I recommend searching for your delimiting punctuation without a lookbehind, then releaseing those matched characters (with \K
), then matching the space, then looking ahead for an uppercase letter representing the start of the next sentence.
Code: (Demo)
$str = 'Fry me a Beaver. Fry me a Beaver! Fry me a Beaver? Fry me Beaver no. 4?! Fry me many Beavers... End';
var_export(
preg_split('~[.?!]+\K\s+(?=[A-Z])~', $str, 0, PREG_SPLIT_NO_EMPTY)
);
Output:
array (
0 => 'Fry me a Beaver.',
1 => 'Fry me a Beaver!',
2 => 'Fry me a Beaver?',
3 => 'Fry me Beaver no. 4?!',
4 => 'Fry me many Beavers...',
5 => 'End',
)
Though not necessary for the sample string, PREG_SPLIT_NO_EMPTY
will prevent creating an empty element at the end of the array if the string ends with a punctuation.
Using \K
in my answer requires less backtracking. This allows the regex engine to "step" through the string with greater efficiency. In Hamza's answer, the regex engine starts matching every time there is a space, then after the space is matched, it needs to read backward to check for the punctuation, then if that qualifies, it then needs to look ahead for a letter.

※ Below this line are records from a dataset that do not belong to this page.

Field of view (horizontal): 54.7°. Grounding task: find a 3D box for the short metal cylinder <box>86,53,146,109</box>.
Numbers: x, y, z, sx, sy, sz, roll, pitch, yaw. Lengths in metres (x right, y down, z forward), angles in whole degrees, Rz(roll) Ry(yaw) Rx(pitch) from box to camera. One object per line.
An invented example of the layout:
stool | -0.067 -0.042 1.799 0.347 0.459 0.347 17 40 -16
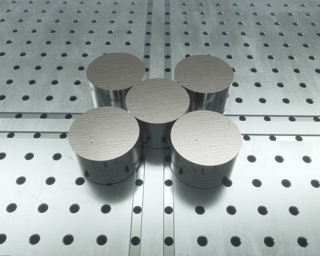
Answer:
short metal cylinder | -0.060 -0.063 0.443 0.081 0.050 0.080 0 50 0

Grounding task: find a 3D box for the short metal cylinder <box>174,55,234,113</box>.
short metal cylinder | 0.060 -0.059 0.439 0.081 0.050 0.080 0 50 0

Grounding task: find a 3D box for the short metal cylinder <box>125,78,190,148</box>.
short metal cylinder | -0.003 -0.020 0.407 0.081 0.050 0.080 0 50 0

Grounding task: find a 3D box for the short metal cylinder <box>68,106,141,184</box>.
short metal cylinder | -0.064 0.020 0.372 0.081 0.050 0.080 0 50 0

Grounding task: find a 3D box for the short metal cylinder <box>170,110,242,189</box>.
short metal cylinder | 0.052 0.025 0.370 0.081 0.050 0.080 0 50 0
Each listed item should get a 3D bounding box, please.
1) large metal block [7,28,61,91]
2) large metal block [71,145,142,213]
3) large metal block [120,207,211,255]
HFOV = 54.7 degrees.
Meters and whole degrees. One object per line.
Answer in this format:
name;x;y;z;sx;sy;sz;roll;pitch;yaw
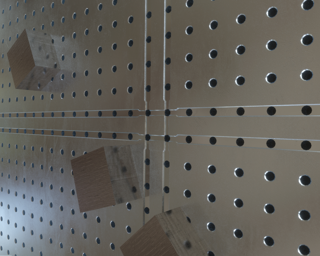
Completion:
large metal block;-0.241;-0.127;0.588;0.080;0.050;0.080;-32;70;35
large metal block;-0.081;0.075;0.457;0.080;0.050;0.080;-22;76;37
large metal block;0.007;0.158;0.385;0.080;0.050;0.080;-49;62;28

In my approach, the regex engine only begins considering matches when it encounters one of the listed punctuation symbols, and it never looks back. There are many spaces to match, but much fewer qualifying symbols. For these reasons, on the sample input string, my pattern splits the string in 40 steps and Hamza's pattern splits the string in 74 steps.
This efficiency is not really worth bragging about for relatively small strings, but if you are parsing large texts, then efficiency and minimizing backtracking becomes more important.